__What you should do__
What lines in the records below include the word "version"? Return each one.

[Data items]
============================================================

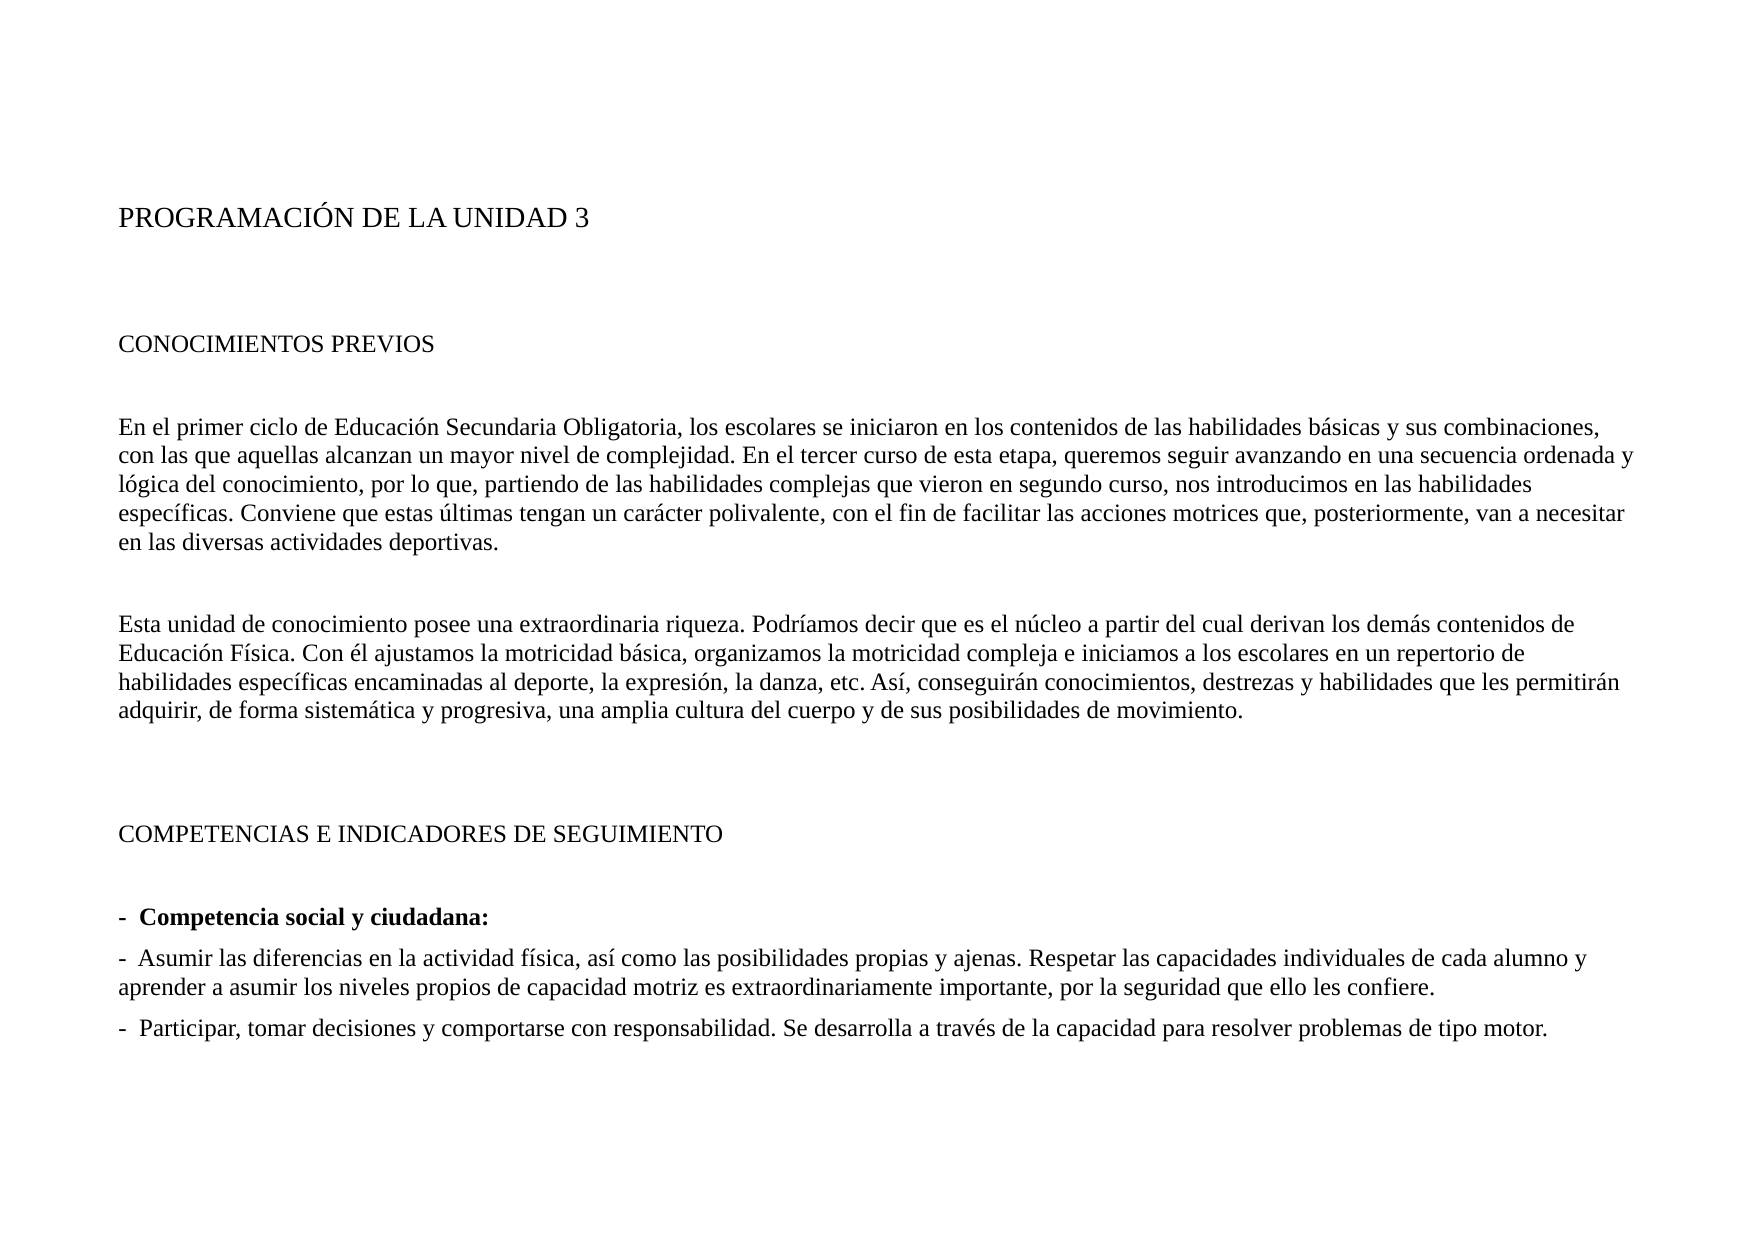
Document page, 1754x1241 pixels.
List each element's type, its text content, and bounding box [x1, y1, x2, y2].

text - Participar, tomar decisiones y comportarse con responsabilidad. Se desarrolla a través de la capacidad para resolver problemas de tipo motor. [118, 1013, 1636, 1042]
text PROGRAMACIÓN DE LA UNIDAD 3 [118, 201, 1636, 234]
text - Asumir las diferencias en la actividad física, así como las posibilidades propias y ajenas. Respetar las capacidades individuales de cada alumno y aprender a asumir los niveles propios de capacidad motriz es extraordinariamente importante, por la seguridad que ello les confiere. [118, 943, 1636, 1000]
text COMPETENCIAS E INDICADORES DE SEGUIMIENTO [118, 819, 1636, 848]
text Esta unidad de conocimiento posee una extraordinaria riqueza. Podríamos decir que es el núcleo a partir del cual derivan los demás contenidos de Educación Física. Con él ajustamos la motricidad básica, organizamos la motricidad compleja e iniciamos a los escolares en un repertorio de habilidades específicas encaminadas al deporte, la expresión, la danza, etc. Así, conseguirán conocimientos, destrezas y habilidades que les permitirán adquirir, de forma sistemática y progresiva, una amplia cultura del cuerpo y de sus posibilidades de movimiento. [118, 609, 1636, 724]
text CONOCIMIENTOS PREVIOS [118, 329, 1636, 358]
text En el primer ciclo de Educación Secundaria Obligatoria, los escolares se iniciaron en los contenidos de las habilidades básicas y sus combinaciones, con las que aquellas alcanzan un mayor nivel de complejidad. En el tercer curso de esta etapa, queremos seguir avanzando en una secuencia ordenada y lógica del conocimiento, por lo que, partiendo de las habilidades complejas que vieron en segundo curso, nos introducimos en las habilidades específicas. Conviene que estas últimas tengan un carácter polivalente, con el fin de facilitar las acciones motrices que, posteriormente, van a necesitar en las diversas actividades deportivas. [118, 412, 1636, 555]
text - Competencia social y ciudadana: [118, 902, 1636, 930]
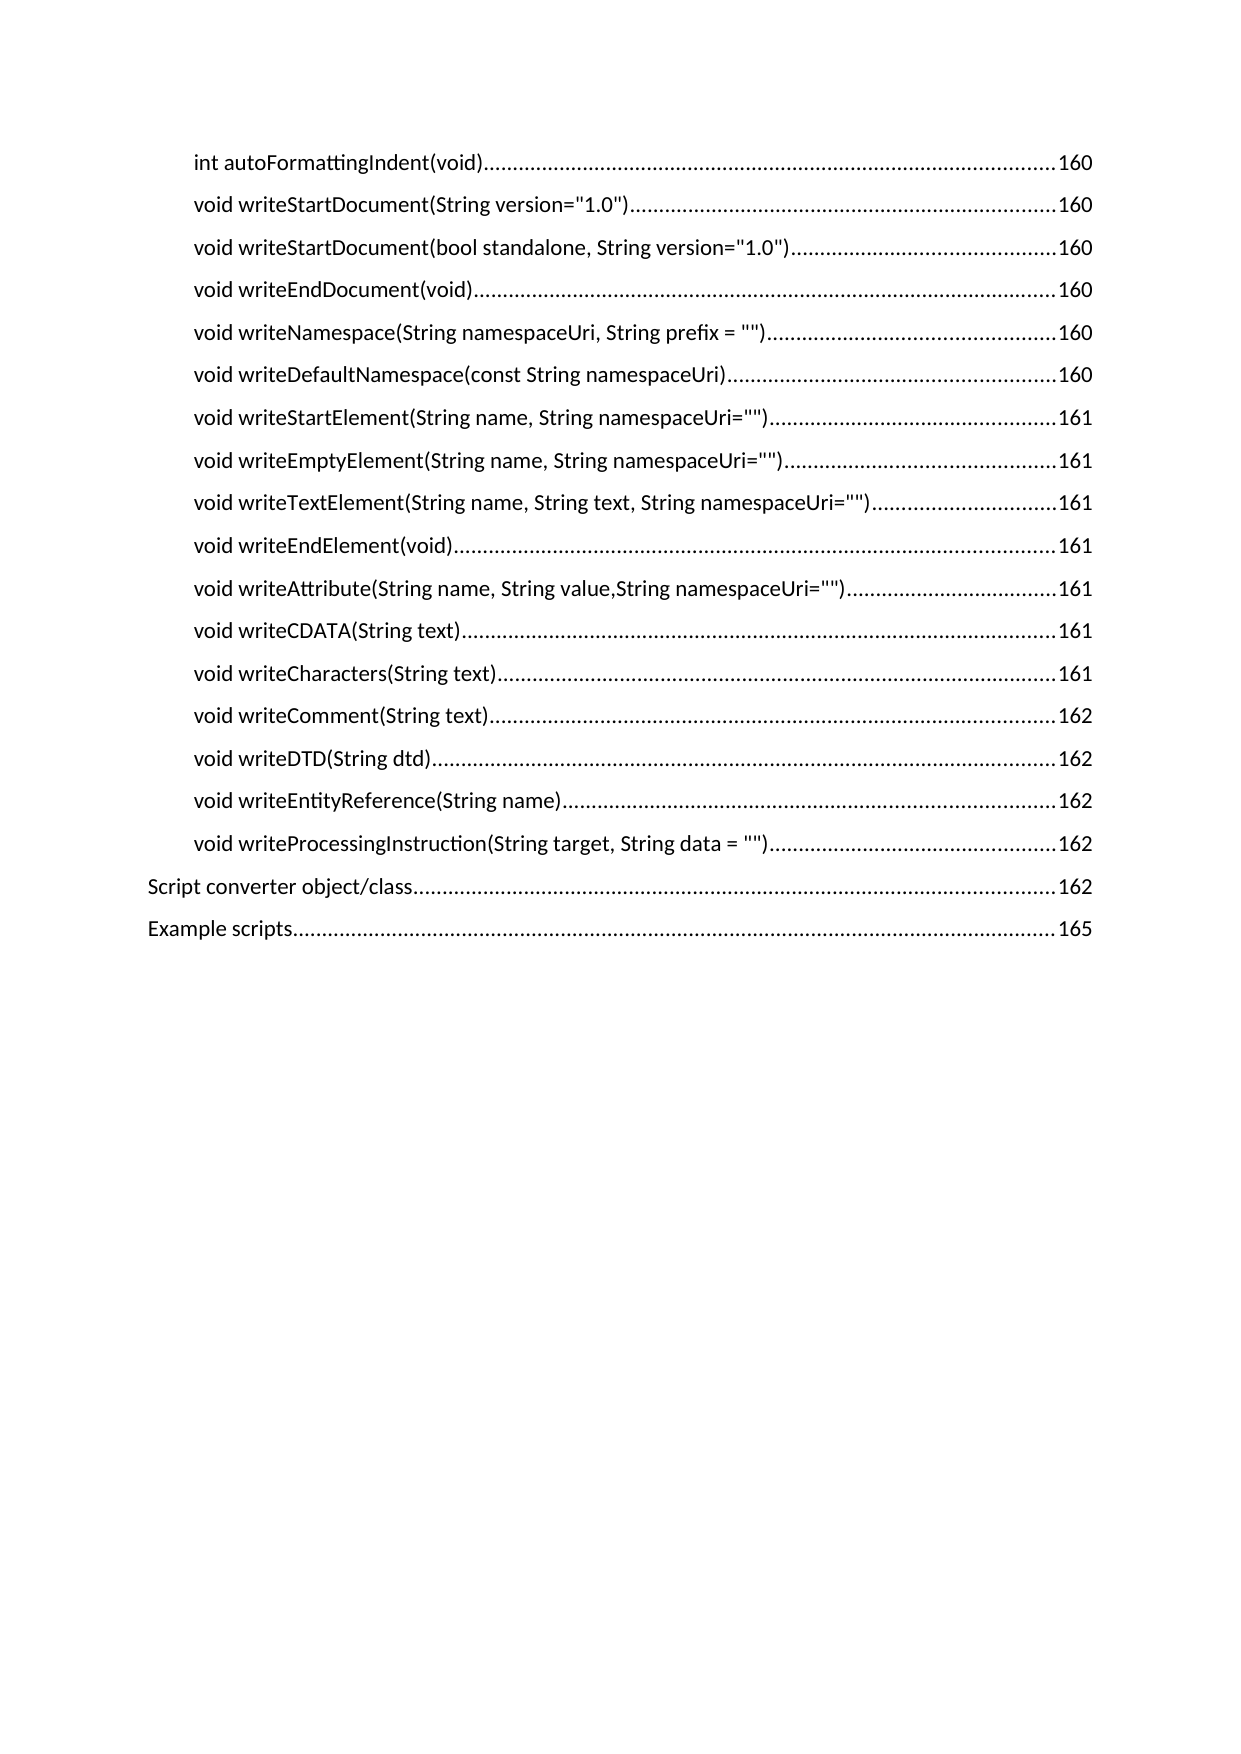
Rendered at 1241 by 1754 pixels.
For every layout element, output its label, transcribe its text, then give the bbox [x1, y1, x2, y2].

text void writeStartElement(String name, String namespaceUri="") 161 [193, 403, 1093, 431]
text void writeEndDocument(void) 160 [193, 275, 1093, 303]
text void writeEntityReference(String name) 162 [193, 787, 1093, 815]
text void writeNamespace(String namespaceUri, String prefix = "") 160 [193, 318, 1093, 346]
text void writeStartDocument(bool standalone, String version="1.0") 160 [193, 233, 1093, 261]
text void writeDefaultNamespace(const String namespaceUri) 160 [193, 361, 1093, 389]
text void writeAttribute(String name, String value,String namespaceUri="") 161 [193, 574, 1093, 602]
text void writeCDATA(String text) 161 [193, 616, 1093, 644]
text Example scripts 165 [148, 914, 1093, 942]
text void writeStartDocument(String version="1.0") 160 [193, 190, 1093, 218]
text void writeEmptyElement(String name, String namespaceUri="") 161 [193, 446, 1093, 474]
text Script converter object/class 162 [148, 872, 1093, 900]
text void writeTextElement(String name, String text, String namespaceUri="") 161 [193, 488, 1093, 516]
text void writeCharacters(String text) 161 [193, 659, 1093, 687]
text void writeProcessingInstruction(String target, String data = "") 162 [193, 829, 1093, 857]
text void writeDTD(String dtd) 162 [193, 744, 1093, 772]
text void writeComment(String text) 162 [193, 701, 1093, 729]
text int autoFormattingIndent(void) 160 [193, 148, 1093, 176]
text void writeEndElement(void) 161 [193, 531, 1093, 559]
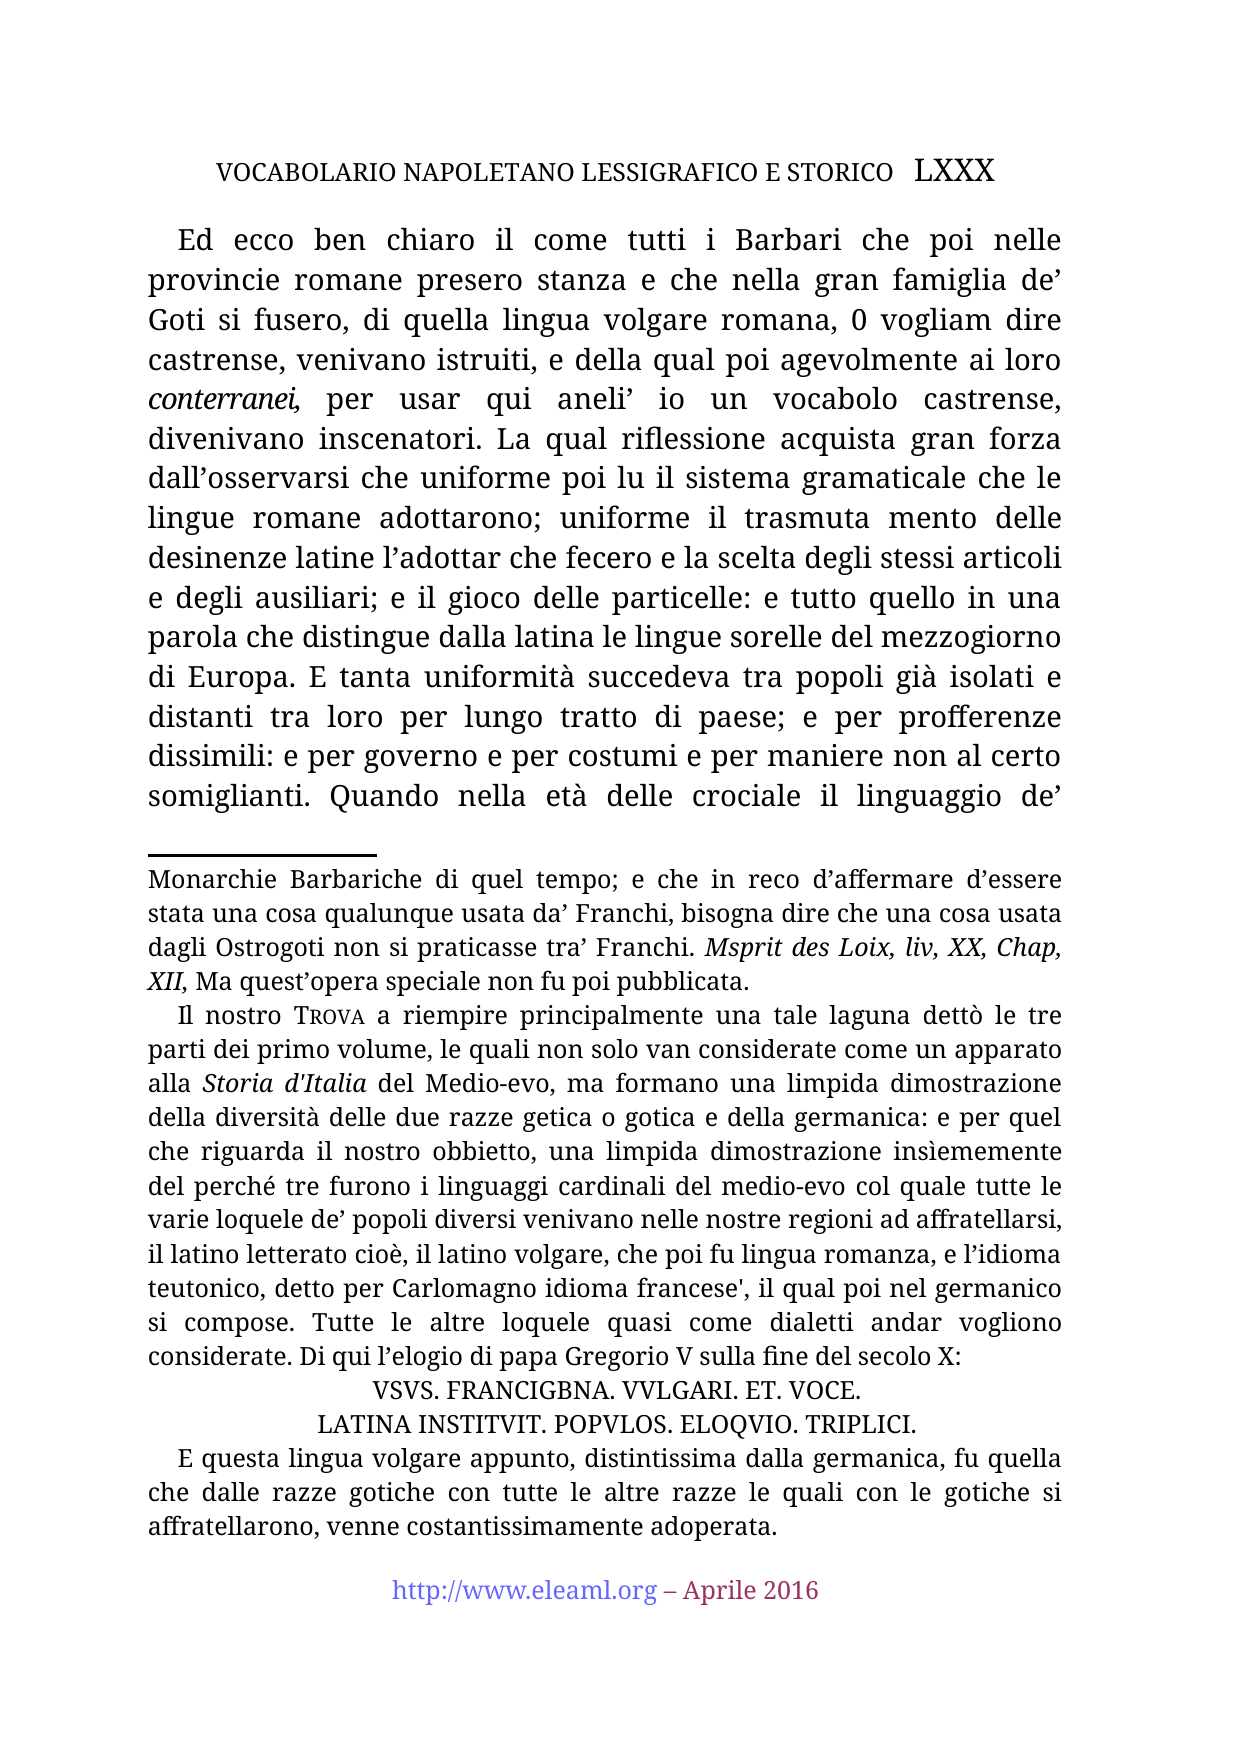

============================================================

__Response below__
text void writeStartDocument(bool standalone, String version="1.0") 160 [193, 233, 1093, 261]
text void writeStartDocument(String version="1.0") 160 [193, 190, 1093, 218]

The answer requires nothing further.